Would you write out, word for word, each line of the records below from the top through the one holding "#7 car [1260,852,1389,930]"?

● **Supplied data**
####################
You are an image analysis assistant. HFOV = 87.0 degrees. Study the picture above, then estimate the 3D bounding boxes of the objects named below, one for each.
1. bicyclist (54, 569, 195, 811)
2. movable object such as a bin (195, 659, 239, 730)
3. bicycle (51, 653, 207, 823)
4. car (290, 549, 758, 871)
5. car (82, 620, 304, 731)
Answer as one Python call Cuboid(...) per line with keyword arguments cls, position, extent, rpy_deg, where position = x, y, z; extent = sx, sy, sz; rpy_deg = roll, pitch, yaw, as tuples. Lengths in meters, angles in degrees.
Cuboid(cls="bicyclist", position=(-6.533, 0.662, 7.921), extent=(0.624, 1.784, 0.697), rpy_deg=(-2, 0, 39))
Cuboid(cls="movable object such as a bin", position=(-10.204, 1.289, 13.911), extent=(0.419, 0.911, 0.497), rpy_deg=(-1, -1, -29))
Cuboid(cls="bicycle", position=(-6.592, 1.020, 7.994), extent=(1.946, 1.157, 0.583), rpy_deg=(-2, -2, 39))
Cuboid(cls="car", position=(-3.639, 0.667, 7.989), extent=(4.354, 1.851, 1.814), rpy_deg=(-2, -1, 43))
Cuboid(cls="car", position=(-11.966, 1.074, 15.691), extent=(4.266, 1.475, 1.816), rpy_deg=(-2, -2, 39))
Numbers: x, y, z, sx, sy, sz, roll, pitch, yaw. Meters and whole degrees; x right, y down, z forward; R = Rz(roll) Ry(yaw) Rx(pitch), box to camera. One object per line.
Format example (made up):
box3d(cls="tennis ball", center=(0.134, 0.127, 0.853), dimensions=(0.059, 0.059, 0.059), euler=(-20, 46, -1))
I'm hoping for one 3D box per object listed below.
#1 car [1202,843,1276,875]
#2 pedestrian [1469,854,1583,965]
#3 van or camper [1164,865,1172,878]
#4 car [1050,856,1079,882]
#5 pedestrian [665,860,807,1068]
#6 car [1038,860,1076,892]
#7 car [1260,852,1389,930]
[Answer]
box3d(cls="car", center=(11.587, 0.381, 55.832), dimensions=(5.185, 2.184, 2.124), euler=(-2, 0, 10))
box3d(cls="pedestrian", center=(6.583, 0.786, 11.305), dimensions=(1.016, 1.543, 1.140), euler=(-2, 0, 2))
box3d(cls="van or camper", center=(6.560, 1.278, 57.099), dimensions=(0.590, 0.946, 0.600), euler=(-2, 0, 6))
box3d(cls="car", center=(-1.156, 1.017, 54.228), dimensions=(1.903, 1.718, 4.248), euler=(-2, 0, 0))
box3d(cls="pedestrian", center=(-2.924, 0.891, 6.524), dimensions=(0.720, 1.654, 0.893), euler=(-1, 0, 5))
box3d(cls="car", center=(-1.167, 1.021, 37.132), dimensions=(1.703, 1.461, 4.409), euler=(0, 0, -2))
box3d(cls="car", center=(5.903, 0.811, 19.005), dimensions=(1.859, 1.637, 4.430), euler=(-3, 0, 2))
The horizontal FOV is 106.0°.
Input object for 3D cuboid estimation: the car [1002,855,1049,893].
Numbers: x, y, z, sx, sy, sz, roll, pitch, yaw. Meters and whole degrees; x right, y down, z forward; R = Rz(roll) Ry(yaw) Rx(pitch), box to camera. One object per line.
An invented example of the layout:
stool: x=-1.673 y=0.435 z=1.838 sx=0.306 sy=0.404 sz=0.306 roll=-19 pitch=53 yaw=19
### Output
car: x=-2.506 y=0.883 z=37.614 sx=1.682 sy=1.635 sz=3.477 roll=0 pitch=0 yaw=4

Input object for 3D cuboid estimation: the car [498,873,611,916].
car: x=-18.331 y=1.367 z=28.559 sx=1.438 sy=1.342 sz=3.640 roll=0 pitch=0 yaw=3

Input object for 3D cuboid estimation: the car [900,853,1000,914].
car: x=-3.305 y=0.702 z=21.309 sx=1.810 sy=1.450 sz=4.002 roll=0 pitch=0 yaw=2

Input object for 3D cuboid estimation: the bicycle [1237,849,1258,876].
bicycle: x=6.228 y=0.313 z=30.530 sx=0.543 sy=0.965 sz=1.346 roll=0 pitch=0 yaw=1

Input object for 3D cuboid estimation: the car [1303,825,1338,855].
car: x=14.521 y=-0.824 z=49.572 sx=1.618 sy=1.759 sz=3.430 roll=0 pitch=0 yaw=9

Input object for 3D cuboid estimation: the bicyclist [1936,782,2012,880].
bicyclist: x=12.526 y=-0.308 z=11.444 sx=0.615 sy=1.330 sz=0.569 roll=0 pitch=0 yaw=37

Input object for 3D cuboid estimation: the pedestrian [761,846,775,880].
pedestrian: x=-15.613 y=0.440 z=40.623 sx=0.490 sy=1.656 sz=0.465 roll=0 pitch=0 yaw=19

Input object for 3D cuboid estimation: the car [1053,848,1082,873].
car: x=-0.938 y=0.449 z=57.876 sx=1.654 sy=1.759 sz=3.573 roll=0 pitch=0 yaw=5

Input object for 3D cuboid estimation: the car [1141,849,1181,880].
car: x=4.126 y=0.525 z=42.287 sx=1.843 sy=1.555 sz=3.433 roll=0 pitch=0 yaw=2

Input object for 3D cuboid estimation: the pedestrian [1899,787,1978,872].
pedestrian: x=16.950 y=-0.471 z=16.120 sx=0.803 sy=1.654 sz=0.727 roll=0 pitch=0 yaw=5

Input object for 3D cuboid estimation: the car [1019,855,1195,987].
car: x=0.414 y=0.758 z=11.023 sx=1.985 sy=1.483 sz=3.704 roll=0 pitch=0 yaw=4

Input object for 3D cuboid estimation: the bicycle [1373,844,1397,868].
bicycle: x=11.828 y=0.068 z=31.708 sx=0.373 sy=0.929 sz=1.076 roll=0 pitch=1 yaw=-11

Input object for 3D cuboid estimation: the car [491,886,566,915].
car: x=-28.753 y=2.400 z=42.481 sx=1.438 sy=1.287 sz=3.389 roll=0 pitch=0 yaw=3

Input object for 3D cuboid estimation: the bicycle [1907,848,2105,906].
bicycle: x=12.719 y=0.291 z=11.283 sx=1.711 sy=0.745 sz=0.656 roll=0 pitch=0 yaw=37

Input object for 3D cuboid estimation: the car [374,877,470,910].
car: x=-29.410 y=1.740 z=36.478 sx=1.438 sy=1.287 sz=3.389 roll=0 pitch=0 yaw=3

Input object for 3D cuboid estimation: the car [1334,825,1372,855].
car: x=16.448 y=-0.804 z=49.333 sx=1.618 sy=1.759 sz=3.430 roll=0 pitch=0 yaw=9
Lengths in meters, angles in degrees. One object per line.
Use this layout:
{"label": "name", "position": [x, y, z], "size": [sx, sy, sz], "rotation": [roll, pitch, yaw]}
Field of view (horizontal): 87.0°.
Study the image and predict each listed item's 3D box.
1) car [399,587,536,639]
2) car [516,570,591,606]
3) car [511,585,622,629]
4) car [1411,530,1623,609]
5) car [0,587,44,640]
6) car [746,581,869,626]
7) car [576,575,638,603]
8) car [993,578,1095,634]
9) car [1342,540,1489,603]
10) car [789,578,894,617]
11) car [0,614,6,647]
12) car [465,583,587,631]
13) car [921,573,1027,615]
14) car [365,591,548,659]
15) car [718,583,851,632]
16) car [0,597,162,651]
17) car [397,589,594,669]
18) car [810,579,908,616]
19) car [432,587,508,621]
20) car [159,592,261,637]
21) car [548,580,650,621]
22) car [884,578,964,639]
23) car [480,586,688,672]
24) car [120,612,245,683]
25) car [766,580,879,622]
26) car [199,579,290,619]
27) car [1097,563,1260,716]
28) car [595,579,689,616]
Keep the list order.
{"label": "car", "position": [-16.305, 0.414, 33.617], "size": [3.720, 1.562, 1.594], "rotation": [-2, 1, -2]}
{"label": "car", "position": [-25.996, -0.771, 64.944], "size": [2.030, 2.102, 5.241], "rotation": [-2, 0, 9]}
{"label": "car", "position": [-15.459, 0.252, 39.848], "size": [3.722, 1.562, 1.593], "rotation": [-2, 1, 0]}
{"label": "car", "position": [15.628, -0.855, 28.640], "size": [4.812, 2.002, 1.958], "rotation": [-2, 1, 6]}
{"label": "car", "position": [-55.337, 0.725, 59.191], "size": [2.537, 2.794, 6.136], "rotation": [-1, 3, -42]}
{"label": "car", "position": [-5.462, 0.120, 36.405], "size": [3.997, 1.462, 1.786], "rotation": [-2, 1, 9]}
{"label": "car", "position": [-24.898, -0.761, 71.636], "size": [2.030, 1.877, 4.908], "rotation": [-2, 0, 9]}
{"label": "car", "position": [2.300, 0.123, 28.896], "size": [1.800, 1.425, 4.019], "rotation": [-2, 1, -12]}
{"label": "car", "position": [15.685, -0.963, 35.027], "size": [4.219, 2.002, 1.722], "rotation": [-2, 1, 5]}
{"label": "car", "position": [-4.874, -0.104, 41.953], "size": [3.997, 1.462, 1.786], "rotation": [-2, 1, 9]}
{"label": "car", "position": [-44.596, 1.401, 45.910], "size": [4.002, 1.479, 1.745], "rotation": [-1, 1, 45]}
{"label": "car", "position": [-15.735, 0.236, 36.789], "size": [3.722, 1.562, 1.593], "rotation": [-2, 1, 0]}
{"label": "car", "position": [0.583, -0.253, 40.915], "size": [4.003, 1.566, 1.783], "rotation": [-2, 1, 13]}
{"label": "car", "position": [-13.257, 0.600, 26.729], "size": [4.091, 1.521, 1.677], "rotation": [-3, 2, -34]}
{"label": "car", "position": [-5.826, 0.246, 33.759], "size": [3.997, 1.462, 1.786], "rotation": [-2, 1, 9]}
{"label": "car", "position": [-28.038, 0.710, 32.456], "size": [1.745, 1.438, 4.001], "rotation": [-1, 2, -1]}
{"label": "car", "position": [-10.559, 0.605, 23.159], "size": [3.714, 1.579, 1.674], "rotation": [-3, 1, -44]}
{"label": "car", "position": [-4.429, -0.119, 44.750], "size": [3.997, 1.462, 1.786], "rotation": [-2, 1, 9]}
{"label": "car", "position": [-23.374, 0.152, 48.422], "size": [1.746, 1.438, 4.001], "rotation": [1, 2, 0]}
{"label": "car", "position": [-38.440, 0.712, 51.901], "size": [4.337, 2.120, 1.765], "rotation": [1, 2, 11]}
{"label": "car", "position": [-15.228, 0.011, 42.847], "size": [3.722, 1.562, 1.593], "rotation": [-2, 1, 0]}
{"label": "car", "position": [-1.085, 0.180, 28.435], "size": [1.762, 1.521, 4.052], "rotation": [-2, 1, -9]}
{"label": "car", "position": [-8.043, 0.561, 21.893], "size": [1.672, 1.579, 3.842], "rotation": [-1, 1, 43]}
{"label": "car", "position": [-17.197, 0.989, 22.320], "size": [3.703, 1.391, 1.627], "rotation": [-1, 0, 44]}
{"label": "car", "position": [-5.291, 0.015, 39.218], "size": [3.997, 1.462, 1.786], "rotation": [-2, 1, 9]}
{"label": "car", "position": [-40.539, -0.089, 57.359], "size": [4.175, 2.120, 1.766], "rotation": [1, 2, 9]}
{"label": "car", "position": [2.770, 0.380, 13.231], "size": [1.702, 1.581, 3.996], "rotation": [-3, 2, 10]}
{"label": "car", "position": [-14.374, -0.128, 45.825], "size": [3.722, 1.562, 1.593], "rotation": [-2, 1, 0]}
####################
● **Task answer**
You are an image analysis assistant. HFOV = 87.0 degrees. Study the picture above, then estimate the 3D bounding boxes of the objects named below, one for each.
1. bicyclist (54, 569, 195, 811)
2. movable object such as a bin (195, 659, 239, 730)
3. bicycle (51, 653, 207, 823)
4. car (290, 549, 758, 871)
5. car (82, 620, 304, 731)
Answer as one Python call Cuboid(...) per line with keyword arguments cls, position, extent, rpy_deg, where position = x, y, z; extent = sx, sy, sz; rpy_deg = roll, pitch, yaw, as tuples. Lengths in meters, angles in degrees.
Cuboid(cls="bicyclist", position=(-6.533, 0.662, 7.921), extent=(0.624, 1.784, 0.697), rpy_deg=(-2, 0, 39))
Cuboid(cls="movable object such as a bin", position=(-10.204, 1.289, 13.911), extent=(0.419, 0.911, 0.497), rpy_deg=(-1, -1, -29))
Cuboid(cls="bicycle", position=(-6.592, 1.020, 7.994), extent=(1.946, 1.157, 0.583), rpy_deg=(-2, -2, 39))
Cuboid(cls="car", position=(-3.639, 0.667, 7.989), extent=(4.354, 1.851, 1.814), rpy_deg=(-2, -1, 43))
Cuboid(cls="car", position=(-11.966, 1.074, 15.691), extent=(4.266, 1.475, 1.816), rpy_deg=(-2, -2, 39))
Numbers: x, y, z, sx, sy, sz, roll, pitch, yaw. Meters and whole degrees; x right, y down, z forward; R = Rz(roll) Ry(yaw) Rx(pitch), box to camera. One object per line.
Format example (made up):
box3d(cls="tennis ball", center=(0.134, 0.127, 0.853), dimensions=(0.059, 0.059, 0.059), euler=(-20, 46, -1))
I'm hoping for one 3D box per object listed below.
#1 car [1202,843,1276,875]
#2 pedestrian [1469,854,1583,965]
#3 van or camper [1164,865,1172,878]
#4 car [1050,856,1079,882]
#5 pedestrian [665,860,807,1068]
#6 car [1038,860,1076,892]
#7 car [1260,852,1389,930]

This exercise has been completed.